When Toyota debuted the production version of its Lexus CT 200h compact hybrid late last month, it was almost certainly destined to be a European-only vehicle. European buyers love smaller vehicles and hatchbacks in general, and the vehicle didn't seem likely to appeal to the buying tastes of traditional U.S. Lexus buyers.

However, that doesn't appear to be the case now. Following the success of its midsize Lexus HS 250h hybrid which slots in below ES 350, Toyota has confirmed that the compact CT 200h will come to the U.S. in 2011. According to Edmunds Inside Line, Lexus officials in the U.S. practically had to beg the execs in Japan to get the sporty vehicle to appeal to a younger clientele.

BMW has the 1-Series, Audi has the A3, and the U.S. officials too wanted a vehicle in the same mold. With the exception of the IS range and the ultra-exotic LFA, Lexus doesn't have anything in its lineup that would exactly raise the pulse of many younger buyers.

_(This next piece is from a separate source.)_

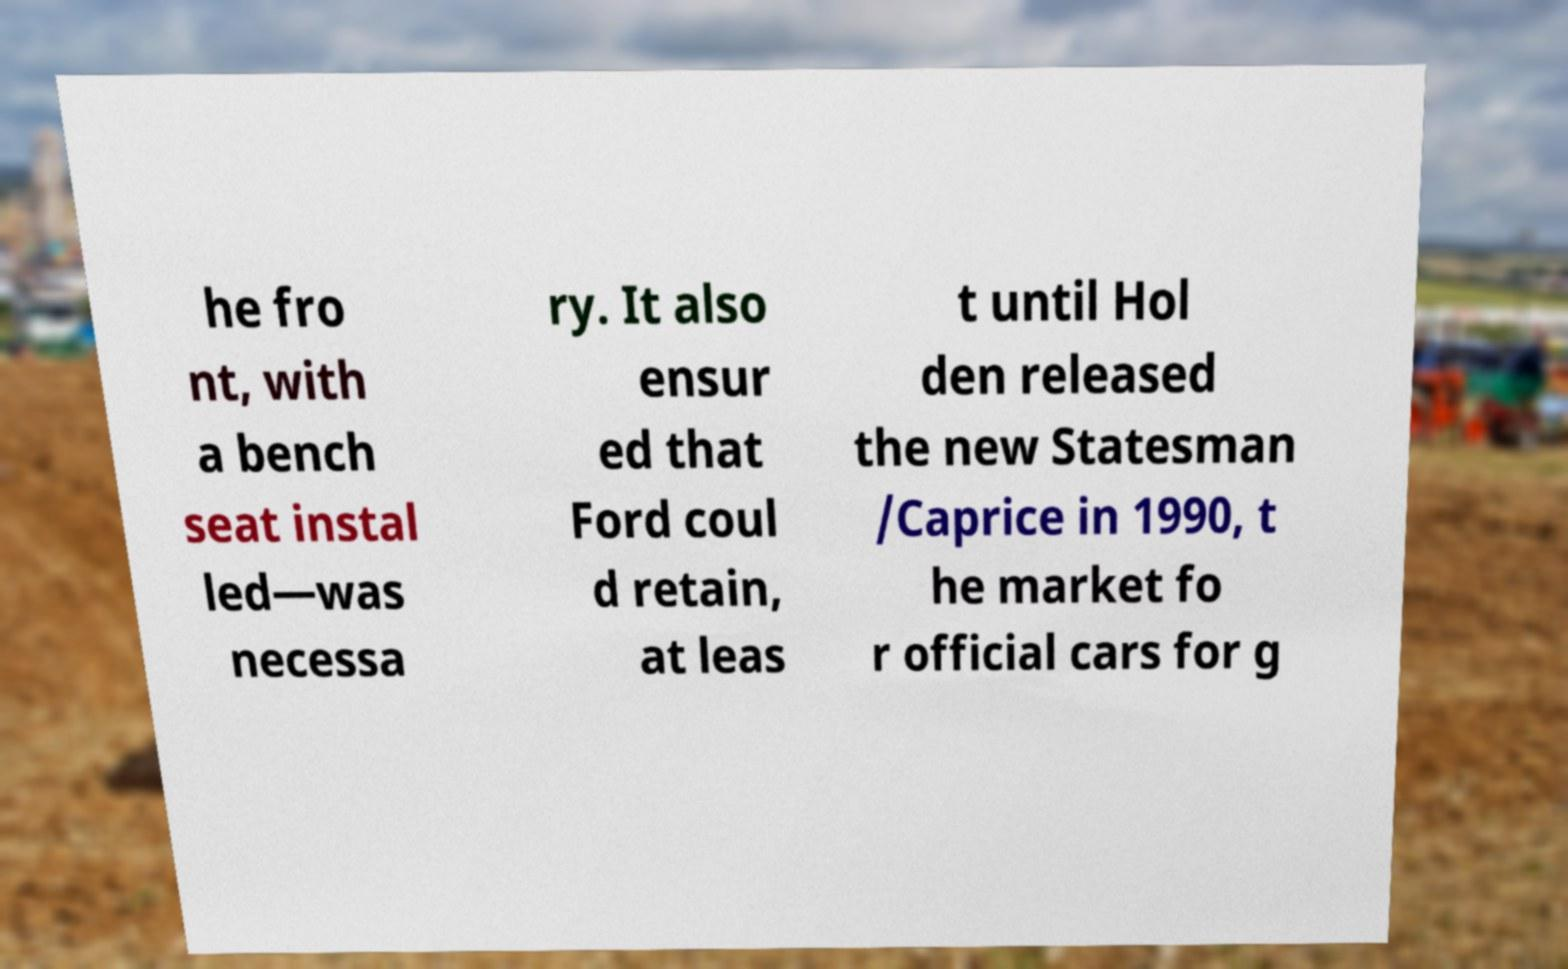I need the written content from this picture converted into text. Can you do that? he fro nt, with a bench seat instal led—was necessa ry. It also ensur ed that Ford coul d retain, at leas t until Hol den released the new Statesman /Caprice in 1990, t he market fo r official cars for g

The CT 200h features the same powertrain as the popular Toyota Prius -- a 1.8-liter inline-4 engine paired with the Synergy hybrid system and continuously variable transmission (CVT). The vehicle offers an electric-only mode (good for only 1.2 miles) along with ECO, NORMAL, and SPORT driving modes. The CT 200h also incorporates LED daytime running lights up front and an 8" multifunction display inside. Other interior features include a two-tier dash -- which Lexus labels the Display Zone (upper dash) and Operation Zone (lower dash) -- and the Lexus Remote Touch multi-function controller first seen in the Lexus RX 350 and HS 250h.

Given that we're still a bit early in the game with production details for the U.S. version of the CT 200h, pricing is obviously not available yet. However, the MSRP should be quite a bit less than the $34,650 price of the HS 250h.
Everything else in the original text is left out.